Considerations of the financial and opportunity costs of physician coding are secondary to the question of accuracy, but information from this trial suggests that the concerns may be misplaced. The entire cost of field work, data collection, and coding per house was less than US $3 (and US $1 in the MDS) [3, 31]. About two thirds of the costs are for the requisite field interviews. Only about one quarter of costs are for physician assignment [3, 7]. The electronic platform used in this trial (and in the MDS) enables physicians to work part-time, typically during evenings, therefore not diverting them from other clinical or public health duties. This study and the MDS reinforce the need to have a large, geographically distributed number of physician coders, so as to help counter biases of any one physician in coding [7]. Standard panels for physician coding and a central pool of doctors to re-code VAs globally would also boost cross-country comparability [4].

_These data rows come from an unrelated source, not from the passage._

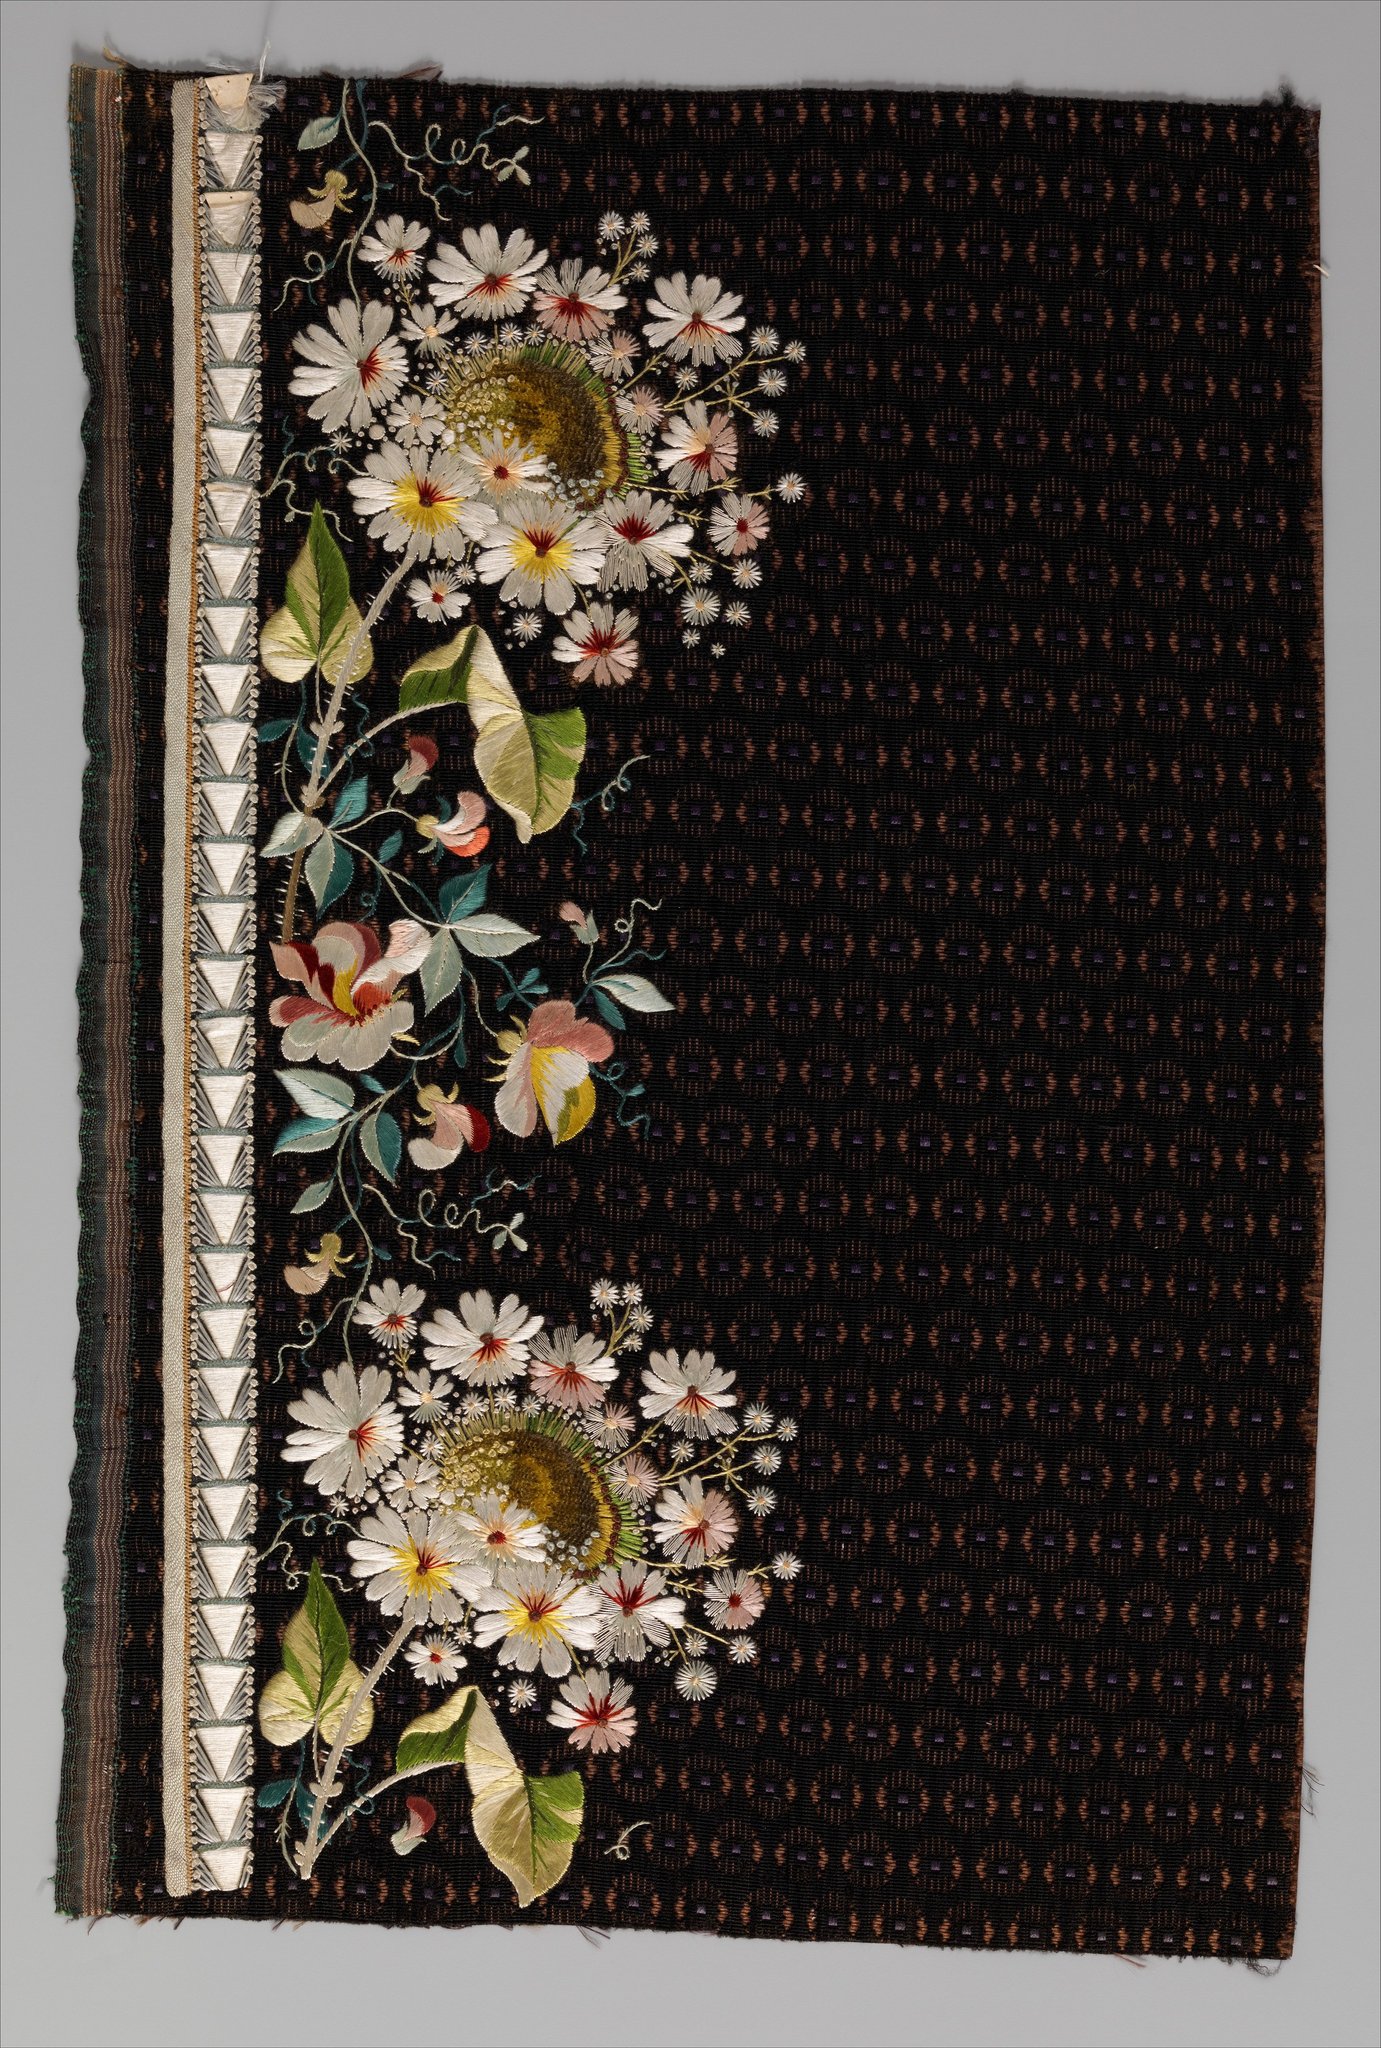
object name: sample
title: Embroidery sample for a man’s suit
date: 1800-1815
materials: silk, velvet
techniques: embroidery
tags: flowers
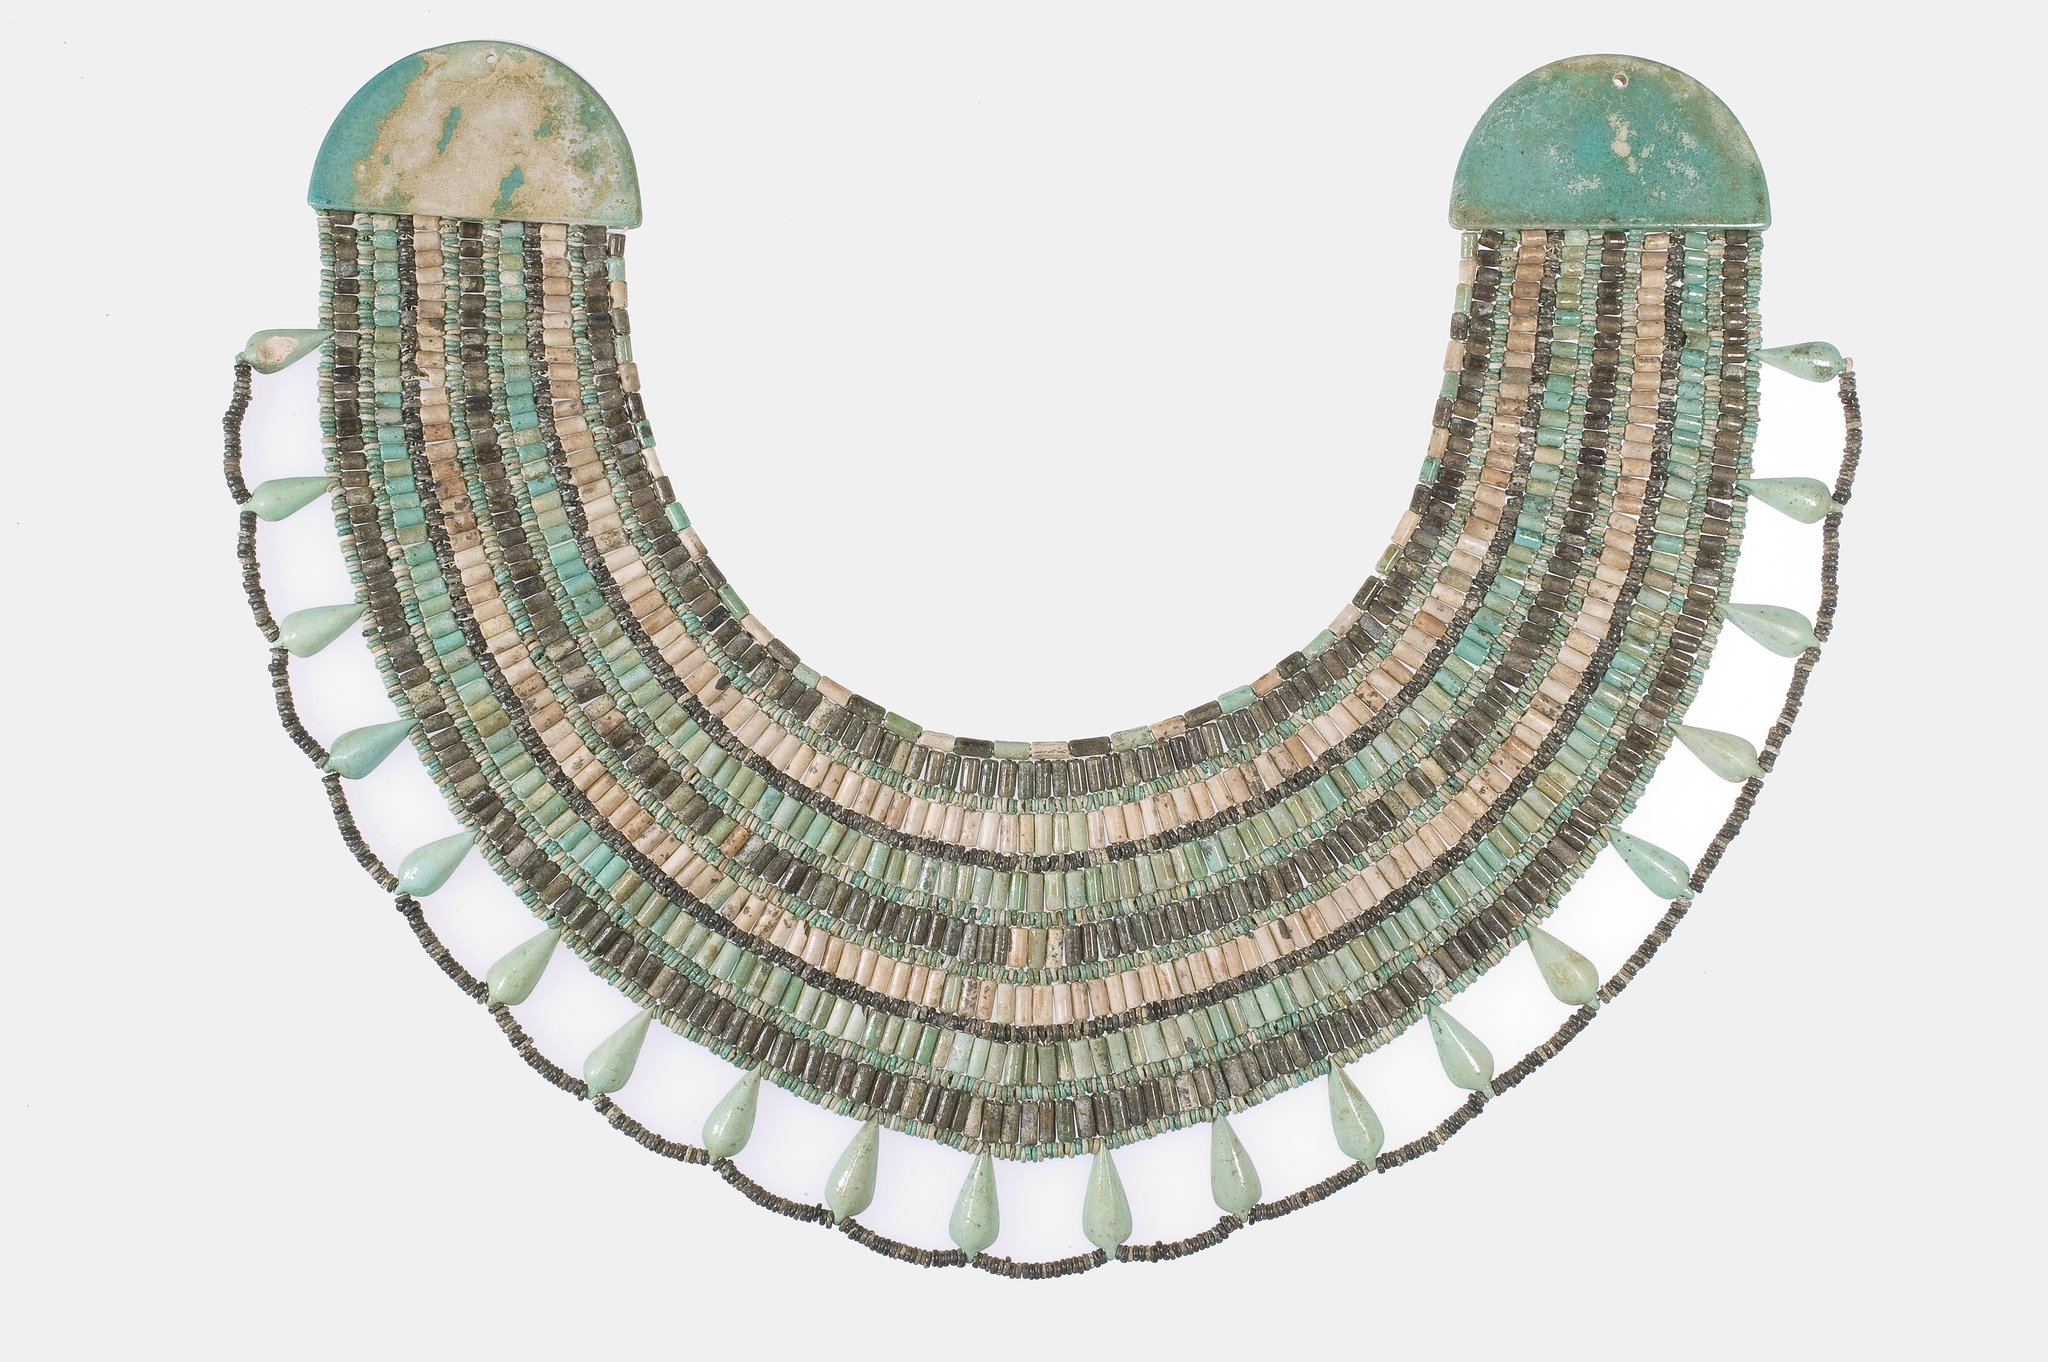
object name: broad collar
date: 1981-1640 BCE
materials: faience, paste
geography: egypt

Our trial supports the need to develop simpler, cheaper VA field methods [7]. Paradoxically, the 2016 WHO VA forms have 50% more questions than the 2012 version, reaching 346 questions in the adult form (in part to feed demands made to WHO by algorithm designers). Though the MDS has only 68 questions on the adult form, it yielded comparable COD distribution to the longer trial forms (see Additional files 16 and 17). Shorter forms enable quicker interviews that are more likely to retain respondents’ interest, reduce surveyor time costs, and thus enable larger sample sizes [31]. Simplification and reduction of the questions is a priority, while maintaining the ability to use either physician or automated assignment. Ideally, dual independent physician assignment can improve performance and reduce biases of single coding [11]. However, dual physician assignment may not be practical in all settings. Further research on combinations of single-physician coding and resampled second coding, or indeed combining physician and algorithm coding, is required.